__BRIEF__. Print the data exactly. Omit the pictures.

-- Opening Marker --

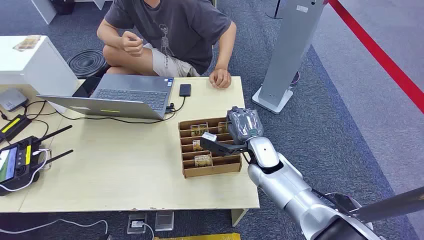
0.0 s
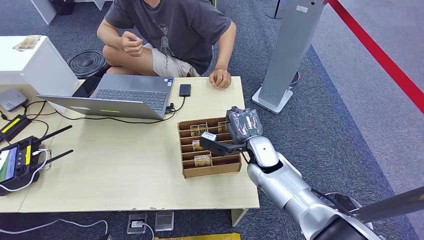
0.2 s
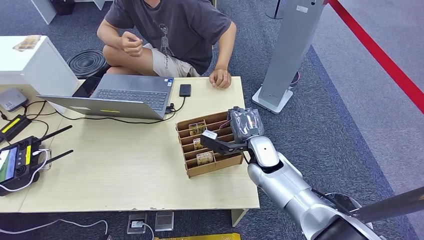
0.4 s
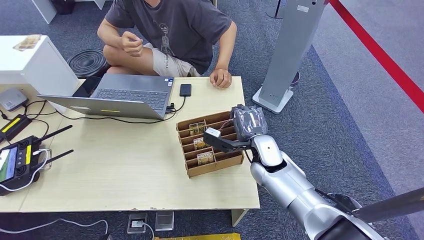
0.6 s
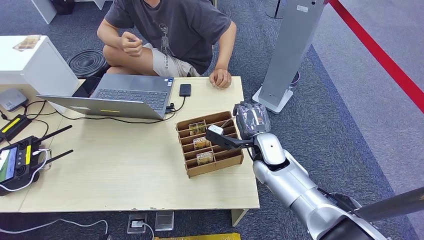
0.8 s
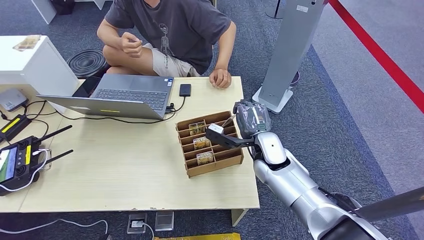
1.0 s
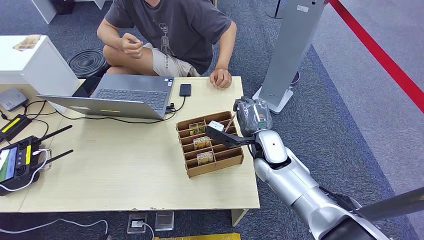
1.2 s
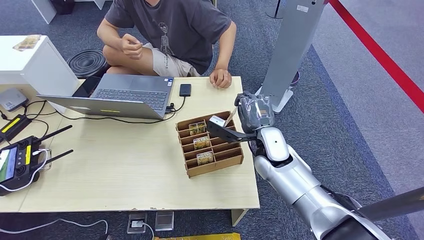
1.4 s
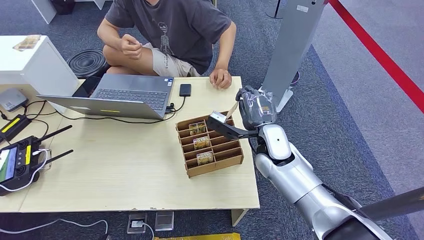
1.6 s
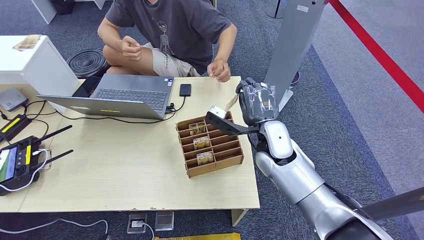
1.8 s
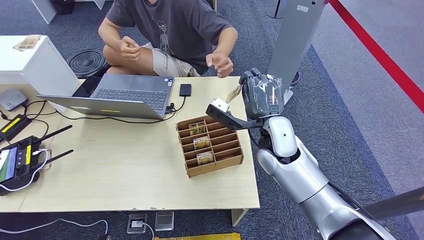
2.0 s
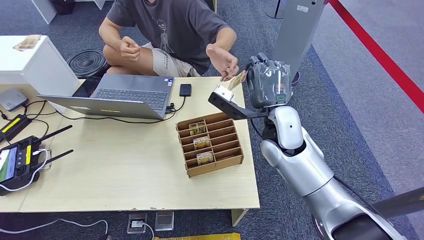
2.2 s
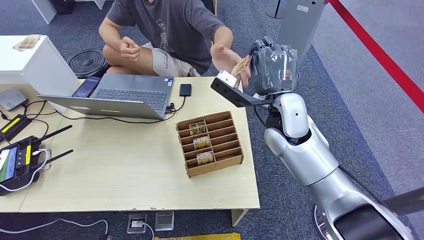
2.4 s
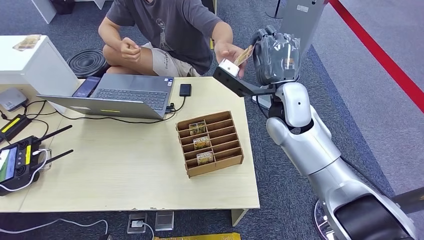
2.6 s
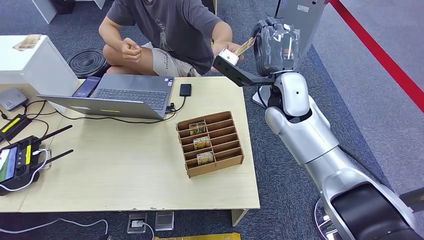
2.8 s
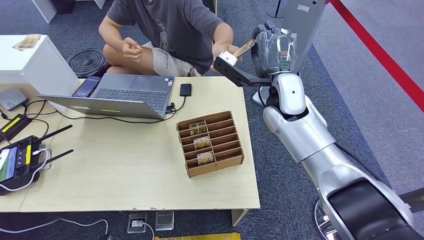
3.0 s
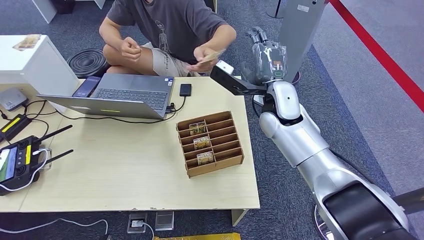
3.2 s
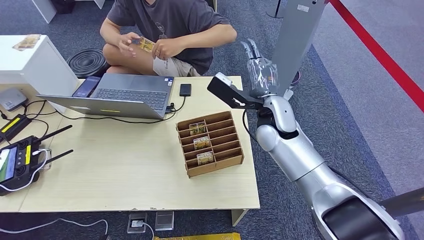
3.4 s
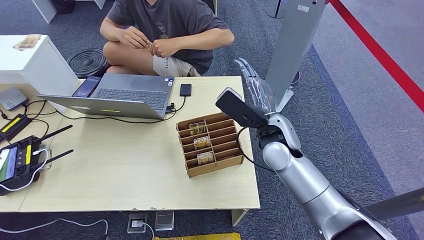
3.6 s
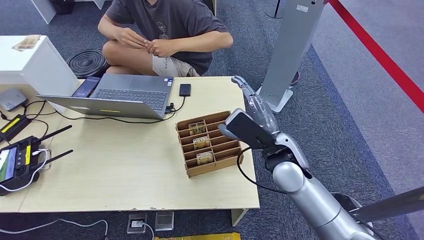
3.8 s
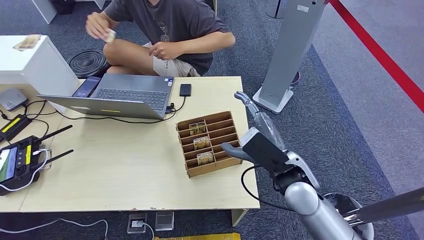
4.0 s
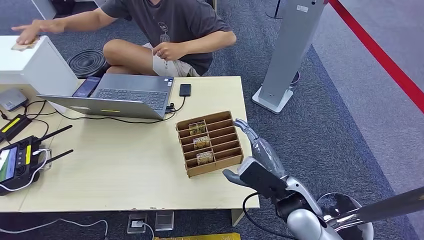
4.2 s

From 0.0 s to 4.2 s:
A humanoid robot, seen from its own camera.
Step, from 0.0 s to 1.8 s: Pick up the key card from the card box.
Step, from 2.0 s to 4.0 s: Hand the key card to the target.
From 1.4 s to 2.8 s: The right hand travels upward by approximately 15 cm.

-- Closing Marker --

__TASK OUTPUT__.
0.0 s
0.2 s
0.4 s
0.6 s
0.8 s
1.0 s
1.2 s
1.4 s
1.6 s
1.8 s
2.0 s
2.2 s
2.4 s
2.6 s
2.8 s
3.0 s
3.2 s
3.4 s
3.6 s
3.8 s
4.0 s
4.2 s

From 0.0 s to 4.2 s:
A humanoid robot, seen from its own camera.
Step, from 0.0 s to 1.8 s: Pick up the key card from the card box.
Step, from 2.0 s to 4.0 s: Hand the key card to the target.
From 1.4 s to 2.8 s: The right hand travels upward by approximately 15 cm.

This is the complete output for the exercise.